___ Data for this task ___
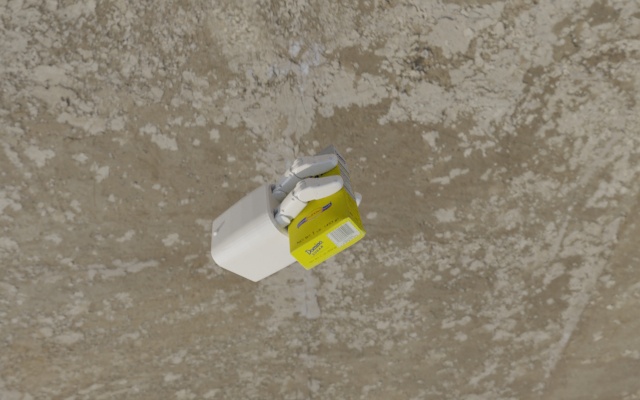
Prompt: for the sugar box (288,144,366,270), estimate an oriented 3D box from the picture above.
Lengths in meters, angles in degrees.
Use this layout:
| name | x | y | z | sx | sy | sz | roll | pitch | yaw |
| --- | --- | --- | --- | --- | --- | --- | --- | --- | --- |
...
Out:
| name | x | y | z | sx | sy | sz | roll | pitch | yaw |
| --- | --- | --- | --- | --- | --- | --- | --- | --- | --- |
| sugar box | 0.000 | 0.002 | 0.654 | 0.093 | 0.176 | 0.048 | -32 | -54 | 15 |
___
What you have to do:
All of the listing above has to be reproduced exactly, though without its images.

Answer section:
Prompt: for the sugar box (288,144,366,270), estimate an oriented 3D box from the picture above.
Lengths in meters, angles in degrees.
Use this layout:
| name | x | y | z | sx | sy | sz | roll | pitch | yaw |
| --- | --- | --- | --- | --- | --- | --- | --- | --- | --- |
...
Out:
| name | x | y | z | sx | sy | sz | roll | pitch | yaw |
| --- | --- | --- | --- | --- | --- | --- | --- | --- | --- |
| sugar box | 0.000 | 0.002 | 0.654 | 0.093 | 0.176 | 0.048 | -32 | -54 | 15 |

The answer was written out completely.